- _WORK TO BE COMPLETED_
Only the lines from the top of the listing below to the line that has "34) plastic bottle [1624, 182, 1656, 205]" should be echoed, with both ends kept and pictures left out.

=== Begin Enclosure ===

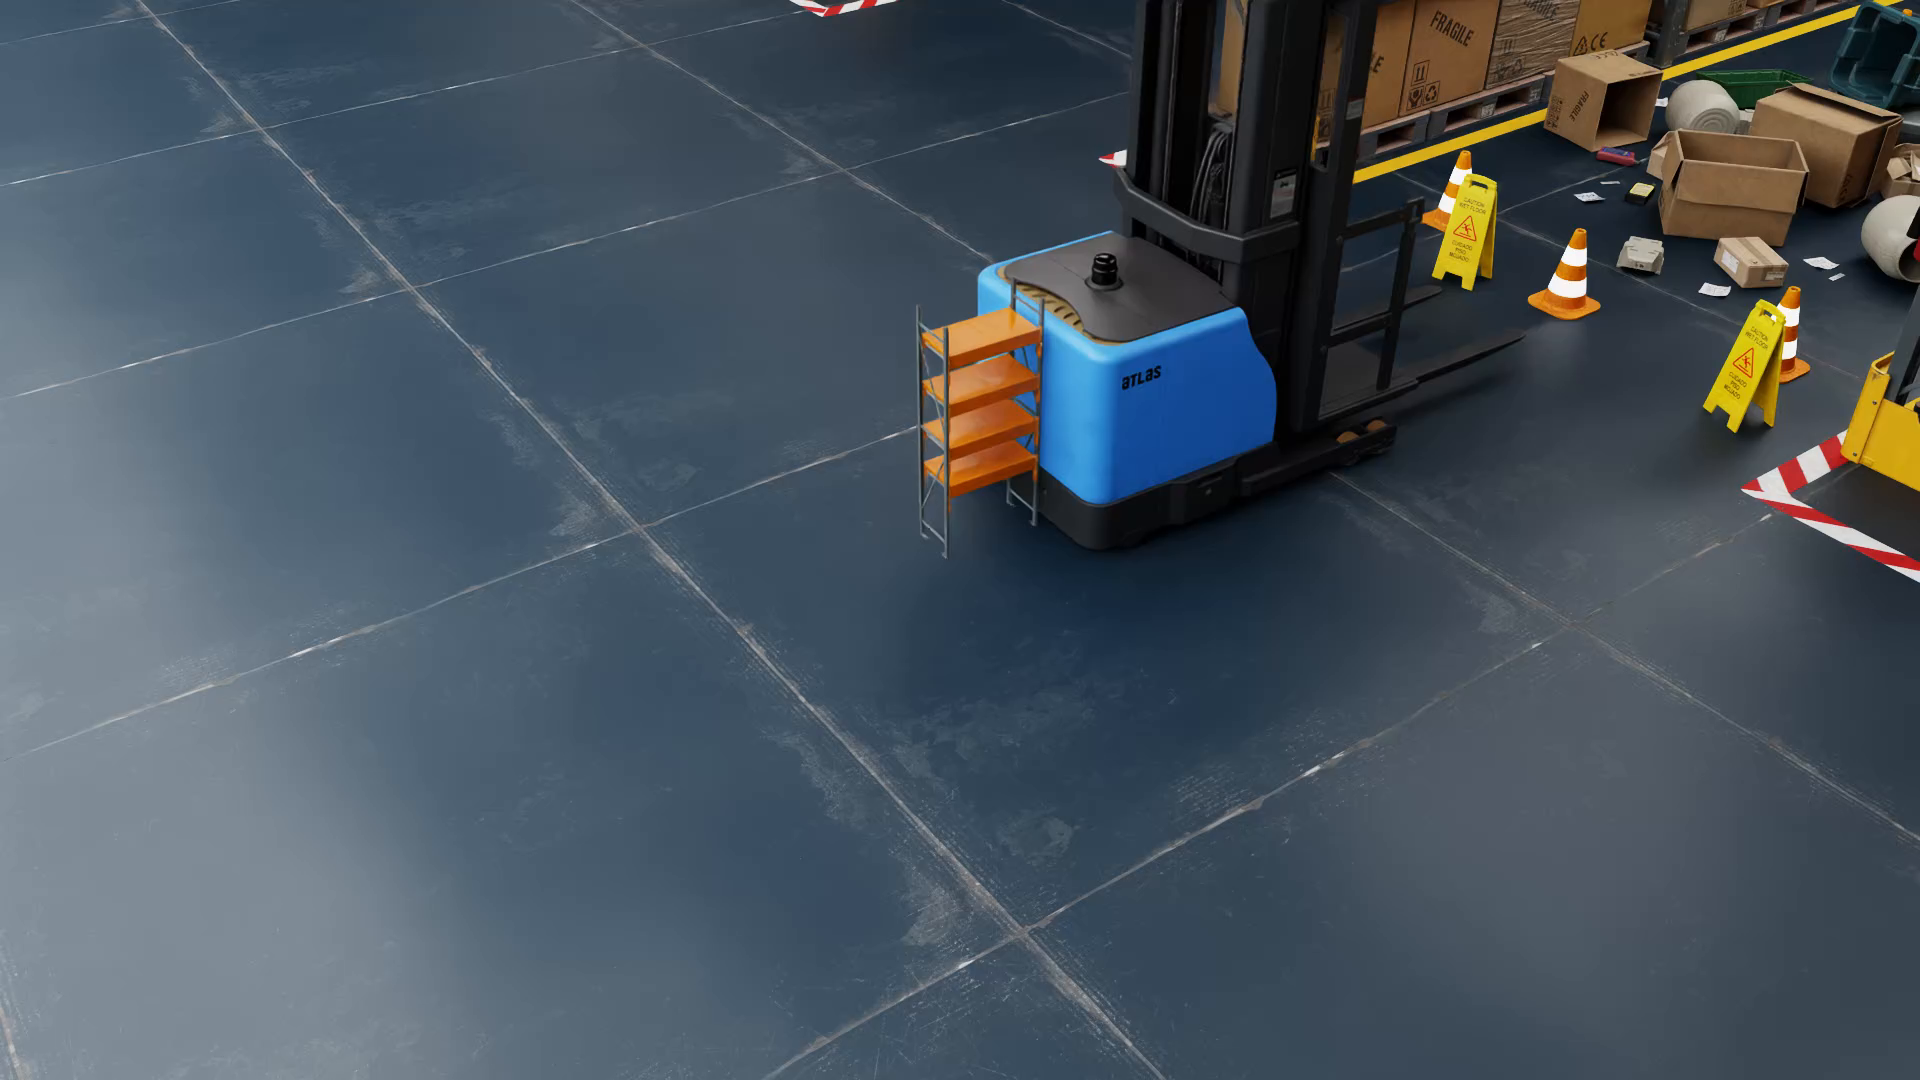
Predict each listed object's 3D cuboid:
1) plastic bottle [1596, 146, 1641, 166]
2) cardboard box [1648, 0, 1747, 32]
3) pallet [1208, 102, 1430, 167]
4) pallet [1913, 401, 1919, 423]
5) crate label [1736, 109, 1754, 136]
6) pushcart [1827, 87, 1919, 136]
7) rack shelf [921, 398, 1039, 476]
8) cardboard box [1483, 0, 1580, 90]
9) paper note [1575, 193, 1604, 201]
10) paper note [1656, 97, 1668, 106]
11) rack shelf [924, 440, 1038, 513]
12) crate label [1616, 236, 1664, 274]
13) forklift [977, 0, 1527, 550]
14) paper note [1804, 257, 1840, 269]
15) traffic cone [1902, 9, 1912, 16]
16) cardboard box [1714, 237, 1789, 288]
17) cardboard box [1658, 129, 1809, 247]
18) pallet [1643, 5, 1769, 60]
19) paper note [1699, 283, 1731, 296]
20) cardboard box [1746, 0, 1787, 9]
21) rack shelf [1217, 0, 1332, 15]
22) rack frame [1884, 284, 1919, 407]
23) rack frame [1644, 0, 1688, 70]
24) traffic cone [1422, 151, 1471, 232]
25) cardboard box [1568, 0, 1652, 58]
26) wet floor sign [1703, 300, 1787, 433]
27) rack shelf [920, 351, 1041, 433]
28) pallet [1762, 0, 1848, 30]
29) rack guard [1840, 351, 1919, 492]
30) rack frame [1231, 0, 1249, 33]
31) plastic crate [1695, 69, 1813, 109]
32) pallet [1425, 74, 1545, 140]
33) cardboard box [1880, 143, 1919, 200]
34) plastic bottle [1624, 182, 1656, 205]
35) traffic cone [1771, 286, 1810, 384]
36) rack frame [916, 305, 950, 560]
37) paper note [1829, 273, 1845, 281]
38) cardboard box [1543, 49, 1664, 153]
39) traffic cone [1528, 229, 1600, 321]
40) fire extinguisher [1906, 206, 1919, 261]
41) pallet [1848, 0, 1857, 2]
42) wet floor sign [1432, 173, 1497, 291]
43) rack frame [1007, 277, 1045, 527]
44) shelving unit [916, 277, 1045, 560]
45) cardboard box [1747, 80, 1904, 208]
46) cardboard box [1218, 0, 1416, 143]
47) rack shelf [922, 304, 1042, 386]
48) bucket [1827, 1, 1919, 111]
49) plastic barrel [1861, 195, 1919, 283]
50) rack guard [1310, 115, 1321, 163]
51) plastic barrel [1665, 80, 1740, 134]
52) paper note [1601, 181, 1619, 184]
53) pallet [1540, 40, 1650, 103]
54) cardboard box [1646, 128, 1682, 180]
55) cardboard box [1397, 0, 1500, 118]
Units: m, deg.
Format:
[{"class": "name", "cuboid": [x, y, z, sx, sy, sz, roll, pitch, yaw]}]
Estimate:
[{"class": "plastic bottle", "cuboid": [4.497, -2.607, 11.322, 0.283, 0.061, 0.133, 22, 41, 28]}, {"class": "cardboard box", "cuboid": [5.604, -4.594, 13.135, 0.750, 0.750, 1.050, -23, 41, -28]}, {"class": "pallet", "cuboid": [2.488, -2.913, 11.620, 1.213, 0.211, 1.003, -22, 41, -28]}, {"class": "pallet", "cuboid": [5.560, -0.561, 8.349, 1.213, 0.211, 1.003, -22, 41, -28]}, {"class": "crate label", "cuboid": [5.525, -2.933, 11.711, 0.298, 0.136, 0.250, 9, 37, 12]}, {"class": "pushcart", "cuboid": [6.729, -2.763, 11.268, 1.648, 0.377, 0.936, 22, 41, 28]}, {"class": "rack shelf", "cuboid": [0.089, -0.477, 7.501, 0.480, 0.148, 0.258, -20, 40, -26]}, {"class": "cardboard box", "cuboid": [3.860, -3.909, 12.077, 0.875, 0.875, 0.875, -22, 41, -28]}, {"class": "paper note", "cuboid": [4.105, -2.236, 10.835, 0.142, 0.017, 0.144, -9, 37, -12]}, {"class": "paper note", "cuboid": [5.121, -3.221, 12.202, 0.147, 0.020, 0.142, 9, 37, 12]}, {"class": "rack shelf", "cuboid": [0.089, -0.316, 7.617, 0.480, 0.148, 0.258, -20, 40, -26]}, {"class": "crate label", "cuboid": [4.111, -1.718, 10.022, 0.250, 0.136, 0.298, 15, 38, 20]}, {"class": "forklift", "cuboid": [1.584, -1.799, 7.742, 3.031, 2.935, 1.130, -21, 41, -26]}, {"class": "paper note", "cuboid": [5.220, -1.683, 10.073, 0.142, 0.019, 0.148, -9, 37, -12]}, {"class": "traffic cone", "cuboid": [7.115, -3.785, 12.617, 0.334, 0.463, 0.336, -22, 41, -28]}, {"class": "cardboard box", "cuboid": [4.720, -1.658, 9.928, 0.250, 0.149, 0.380, -3, 36, -4]}, {"class": "cardboard box", "cuboid": [4.791, -2.196, 10.373, 0.797, 0.503, 0.637, 9, 37, 12]}, {"class": "pallet", "cuboid": [5.736, -4.248, 13.476, 1.213, 0.211, 1.003, -22, 41, -28]}, {"class": "paper note", "cuboid": [4.439, -1.473, 9.772, 0.148, 0.019, 0.142, 22, 41, 28]}, {"class": "cardboard box", "cuboid": [6.395, -4.916, 13.584, 0.750, 0.750, 1.050, -22, 41, -28]}, {"class": "rack shelf", "cuboid": [3.514, -4.120, 11.525, 4.000, 0.370, 1.077, -22, 41, -28]}, {"class": "rack frame", "cuboid": [4.813, -1.411, 7.142, 0.127, 3.000, 1.000, -22, 41, -28]}, {"class": "rack frame", "cuboid": [5.149, -5.085, 12.251, 0.127, 3.000, 1.000, -22, 41, -28]}, {"class": "traffic cone", "cuboid": [3.131, -2.210, 10.427, 0.334, 0.463, 0.336, -22, 41, -28]}, {"class": "cardboard box", "cuboid": [4.594, -4.214, 12.501, 0.875, 0.875, 0.875, -22, 41, -27]}, {"class": "wet floor sign", "cuboid": [4.042, -0.902, 8.451, 0.232, 0.644, 0.267, -9, 37, -12]}, {"class": "rack shelf", "cuboid": [0.089, -0.659, 7.371, 0.480, 0.148, 0.258, -20, 40, -26]}, {"class": "pallet", "cuboid": [6.734, -4.661, 14.050, 1.213, 0.211, 1.003, -22, 41, -28]}, {"class": "rack guard", "cuboid": [4.875, -0.421, 7.908, 0.348, 0.500, 1.175, -22, 41, -28]}, {"class": "rack frame", "cuboid": [1.879, -3.739, 10.380, 0.127, 3.000, 1.000, -22, 41, -28]}, {"class": "plastic crate", "cuboid": [5.761, -3.283, 12.104, 0.662, 0.188, 0.450, -3, 26, -4]}, {"class": "pallet", "cuboid": [3.484, -3.321, 12.187, 1.213, 0.211, 1.003, -22, 41, -28]}, {"class": "cardboard box", "cuboid": [6.181, -2.397, 10.855, 0.258, 0.266, 0.396, 9, 37, 12]}, {"class": "plastic bottle", "cuboid": [4.451, -2.275, 10.860, 0.133, 0.061, 0.283, 22, 41, 28]}, {"class": "traffic cone", "cuboid": [4.422, -1.141, 8.940, 0.334, 0.463, 0.336, -22, 41, -28]}, {"class": "rack frame", "cuboid": [-0.117, -0.456, 7.356, 0.015, 1.200, 0.240, -20, 40, -26]}, {"class": "paper note", "cuboid": [5.235, -1.571, 9.925, 0.123, 0.001, 0.032, -22, 41, -28]}, {"class": "cardboard box", "cuboid": [4.471, -3.059, 11.573, 0.500, 0.500, 0.500, -15, 38, -20]}, {"class": "traffic cone", "cuboid": [3.504, -1.557, 9.518, 0.334, 0.463, 0.336, -22, 41, -28]}, {"class": "fire extinguisher", "cuboid": [4.454, -1.561, 7.417, 0.183, 0.674, 0.296, -22, 41, -28]}, {"class": "pallet", "cuboid": [7.730, -5.069, 14.617, 1.213, 0.211, 1.003, -22, 41, -28]}, {"class": "wet floor sign", "cuboid": [2.996, -1.829, 9.740, 0.267, 0.644, 0.232, 30, 45, 35]}, {"class": "rack frame", "cuboid": [0.295, -0.608, 7.568, 0.015, 1.200, 0.240, -20, 40, -26]}, {"class": "shelving unit", "cuboid": [0.089, -0.532, 7.462, 0.503, 1.200, 0.258, -20, 40, -26]}, {"class": "cardboard box", "cuboid": [5.550, -2.570, 10.776, 0.503, 0.637, 0.797, -22, 41, -28]}, {"class": "cardboard box", "cuboid": [2.395, -3.307, 11.239, 0.875, 0.875, 0.875, -22, 41, -28]}, {"class": "rack shelf", "cuboid": [0.089, -0.851, 7.233, 0.480, 0.148, 0.258, -20, 40, -26]}, {"class": "bucket", "cuboid": [6.366, -3.227, 11.169, 0.620, 0.611, 0.726, -1, 34, -18]}, {"class": "plastic barrel", "cuboid": [5.630, -1.782, 9.865, 0.421, 0.421, 0.512, 3, 36, 4]}, {"class": "rack guard", "cuboid": [1.860, -2.716, 11.099, 0.348, 0.500, 1.175, -22, 41, -28]}, {"class": "plastic barrel", "cuboid": [5.105, -2.925, 11.454, 0.421, 0.421, 0.512, 3, 36, 4]}, {"class": "paper note", "cuboid": [4.317, -2.372, 11.039, 0.123, 0.001, 0.032, -3, 36, -4]}, {"class": "pallet", "cuboid": [4.482, -3.734, 12.761, 1.213, 0.211, 1.003, -22, 41, -28]}, {"class": "cardboard box", "cuboid": [4.805, -2.518, 11.023, 0.258, 0.266, 0.396, -15, 38, -20]}, {"class": "cardboard box", "cuboid": [3.113, -3.604, 11.652, 0.875, 0.875, 0.875, -23, 42, -29]}]

=== End Enclosure ===

- _RESULT FOR THIS TASK_
Predict each listed object's 3D cuboid:
1) plastic bottle [1596, 146, 1641, 166]
2) cardboard box [1648, 0, 1747, 32]
3) pallet [1208, 102, 1430, 167]
4) pallet [1913, 401, 1919, 423]
5) crate label [1736, 109, 1754, 136]
6) pushcart [1827, 87, 1919, 136]
7) rack shelf [921, 398, 1039, 476]
8) cardboard box [1483, 0, 1580, 90]
9) paper note [1575, 193, 1604, 201]
10) paper note [1656, 97, 1668, 106]
11) rack shelf [924, 440, 1038, 513]
12) crate label [1616, 236, 1664, 274]
13) forklift [977, 0, 1527, 550]
14) paper note [1804, 257, 1840, 269]
15) traffic cone [1902, 9, 1912, 16]
16) cardboard box [1714, 237, 1789, 288]
17) cardboard box [1658, 129, 1809, 247]
18) pallet [1643, 5, 1769, 60]
19) paper note [1699, 283, 1731, 296]
20) cardboard box [1746, 0, 1787, 9]
21) rack shelf [1217, 0, 1332, 15]
22) rack frame [1884, 284, 1919, 407]
23) rack frame [1644, 0, 1688, 70]
24) traffic cone [1422, 151, 1471, 232]
25) cardboard box [1568, 0, 1652, 58]
26) wet floor sign [1703, 300, 1787, 433]
27) rack shelf [920, 351, 1041, 433]
28) pallet [1762, 0, 1848, 30]
29) rack guard [1840, 351, 1919, 492]
30) rack frame [1231, 0, 1249, 33]
31) plastic crate [1695, 69, 1813, 109]
32) pallet [1425, 74, 1545, 140]
33) cardboard box [1880, 143, 1919, 200]
34) plastic bottle [1624, 182, 1656, 205]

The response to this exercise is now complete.